Look out you will get hooked.
I thought that I had read on here that someone did bore an AutoTune carb? Something about it not running right afterwards, and ultimately being replaced. Can anyone else remember?
C'mon Troll,
you know the reason they are going to AT/MT?
Keeps everything in check emissions wise.
.....
I thought that I had read on here that someone did bore an AutoTune carb? Something about it not running right afterwards, and ultimately being replaced. Can anyone else remember?

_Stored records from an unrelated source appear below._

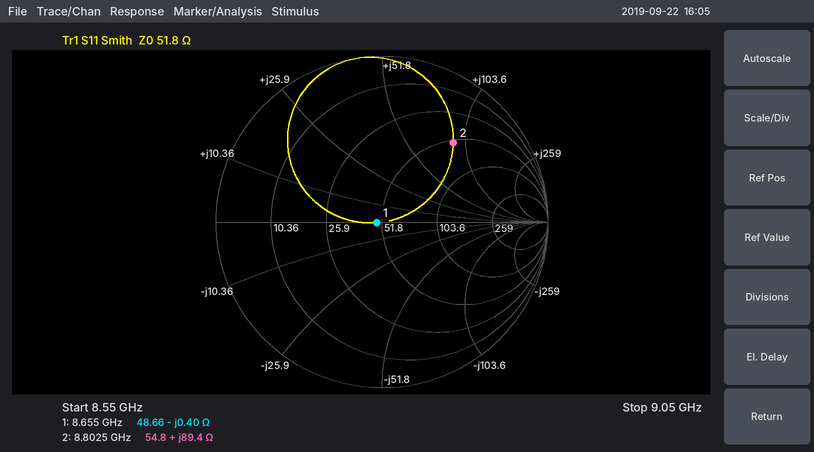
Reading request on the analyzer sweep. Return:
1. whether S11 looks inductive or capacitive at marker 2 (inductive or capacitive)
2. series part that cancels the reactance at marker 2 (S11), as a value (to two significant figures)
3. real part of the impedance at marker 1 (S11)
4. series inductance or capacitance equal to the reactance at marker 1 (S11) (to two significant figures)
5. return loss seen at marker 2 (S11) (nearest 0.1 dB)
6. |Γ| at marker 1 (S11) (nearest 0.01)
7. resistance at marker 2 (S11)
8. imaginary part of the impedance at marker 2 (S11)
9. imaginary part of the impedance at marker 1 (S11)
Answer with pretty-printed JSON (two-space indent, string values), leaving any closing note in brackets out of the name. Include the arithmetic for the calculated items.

{
  "whether S11 looks inductive or capacitive at marker 2": "inductive",
  "series part that cancels the reactance at marker 2 (S11), as a value": "C = 1/(2π × 8.8025 GHz × 89.4 Ω) ≈ 202 fF, so 200 fF to two significant figures",
  "real part of the impedance at marker 1": "48.66 Ω",
  "series inductance or capacitance equal to the reactance at marker 1 (S11)": "C = 1/(2π × 8.655 GHz × 0.4 Ω) ≈ 46 pF",
  "return loss seen at marker 2 (S11)": "3.8 dB",
  "|Γ| at marker 1 (S11)": "0.03",
  "resistance at marker 2": "54.8 Ω",
  "imaginary part of the impedance at marker 2": "+89.4 Ω",
  "imaginary part of the impedance at marker 1": "-0.40 Ω"
}
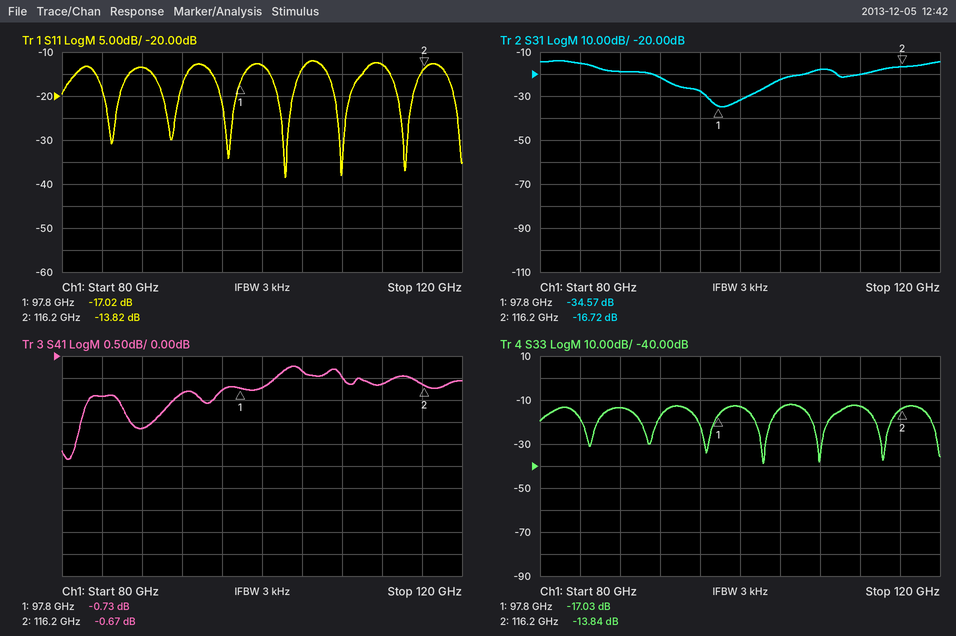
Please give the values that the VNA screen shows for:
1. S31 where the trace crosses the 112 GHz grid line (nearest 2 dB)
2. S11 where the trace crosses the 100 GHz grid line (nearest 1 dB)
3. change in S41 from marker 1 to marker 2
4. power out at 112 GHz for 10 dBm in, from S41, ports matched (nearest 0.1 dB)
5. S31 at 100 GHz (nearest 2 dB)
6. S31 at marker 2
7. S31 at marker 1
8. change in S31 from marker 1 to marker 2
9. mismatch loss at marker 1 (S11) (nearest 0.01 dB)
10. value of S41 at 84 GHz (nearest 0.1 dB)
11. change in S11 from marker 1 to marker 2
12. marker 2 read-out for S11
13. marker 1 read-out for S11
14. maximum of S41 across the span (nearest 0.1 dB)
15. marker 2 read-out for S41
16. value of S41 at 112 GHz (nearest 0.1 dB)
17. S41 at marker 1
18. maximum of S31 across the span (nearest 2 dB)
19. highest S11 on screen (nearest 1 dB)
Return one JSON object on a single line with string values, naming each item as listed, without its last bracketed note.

{"S31 where the trace crosses the 112 GHz grid line": "-20 dB", "S11 where the trace crosses the 100 GHz grid line": "-13 dB", "change in S41 from marker 1 to marker 2": "0.06 dB", "power out at 112 GHz for 10 dBm in, from S41, ports matched": "9.4 dBm", "S31 at 100 GHz": "-32 dB", "S31 at marker 2": "-16.72 dB", "S31 at marker 1": "-34.57 dB", "change in S31 from marker 1 to marker 2": "17.85 dB", "mismatch loss at marker 1 (S11)": "0.09 dB", "value of S41 at 84 GHz": "-0.9 dB", "change in S11 from marker 1 to marker 2": "3.20 dB", "marker 2 read-out for S11": "-13.82 dB", "marker 1 read-out for S11": "-17.02 dB", "maximum of S41 across the span": "-0.2 dB", "marker 2 read-out for S41": "-0.67 dB", "value of S41 at 112 GHz": "-0.6 dB", "S41 at marker 1": "-0.73 dB", "maximum of S31 across the span": "-14 dB", "highest S11 on screen": "-12 dB"}

I'd say it's all about cfm, just like on any engine. If the venturi can flow the air the engine can pump then it is not a restriction, but how many have flow benches to test that out? Modders are left to guess, and just like with cars I bet a lot of folks put on way too big a carb. I don't know if anyone has cfm numbers for various venturi bore diameters for carbs of this size.One drawback would be the characteristics of the carburetor itself, Venturi and bore size. The original 365 zama could feed my saw just fine. Perhaps the walbro hd12 even better. The tillotson from a 385 maybe better. A walbro off a 394xp.... Etc etc etc. it changes the way the fuel is delivered, the effort required and whole bunch of other stuff I don't really know about. The smaller carb sure can supply it. But it runs better with a bigger carb on there. Can't do that with the AT and Mtronic. Perhaps modify the carb, but not replace it.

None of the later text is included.